-------- Exercise material

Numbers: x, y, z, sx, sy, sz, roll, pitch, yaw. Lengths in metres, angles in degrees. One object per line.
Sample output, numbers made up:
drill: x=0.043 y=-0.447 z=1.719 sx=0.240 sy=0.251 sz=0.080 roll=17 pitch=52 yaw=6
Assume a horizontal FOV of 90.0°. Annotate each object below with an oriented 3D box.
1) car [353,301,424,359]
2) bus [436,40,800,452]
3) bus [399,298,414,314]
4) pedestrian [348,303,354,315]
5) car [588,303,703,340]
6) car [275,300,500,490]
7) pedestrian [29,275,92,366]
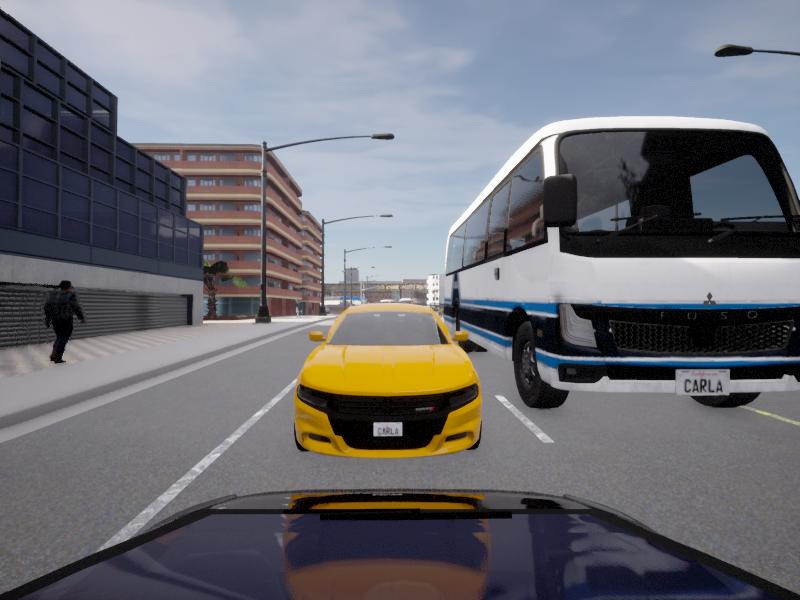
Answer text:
car: x=-0.325 y=0.768 z=12.619 sx=1.812 sy=1.442 sz=4.674 roll=0 pitch=1 yaw=-1
bus: x=3.384 y=-0.601 z=9.306 sx=3.944 sy=4.253 sz=10.273 roll=0 pitch=1 yaw=-1
bus: x=1.746 y=1.686 z=111.967 sx=3.944 sy=4.253 sz=10.273 roll=0 pitch=-1 yaw=-1
pedestrian: x=-7.286 y=1.336 z=59.501 sx=0.751 sy=1.860 sz=0.751 roll=0 pitch=-1 yaw=0
car: x=10.095 y=0.807 z=16.982 sx=1.895 sy=1.301 sz=4.718 roll=0 pitch=0 yaw=-1
car: x=-0.158 y=0.790 z=5.854 sx=1.882 sy=1.535 sz=5.008 roll=0 pitch=1 yaw=-1
pedestrian: x=-7.273 y=0.427 z=8.607 sx=0.751 sy=1.860 sz=0.751 roll=0 pitch=-1 yaw=-12

----------------

Task:
List every line from the entries above in which "object" appears.

Solved problem:
Numbers: x, y, z, sx, sy, sz, roll, pitch, yaw. Lengths in metres, angles in degrees. One object per line.
Assume a horizontal FOV of 90.0°. Annotate each object below with an oriented 3D box.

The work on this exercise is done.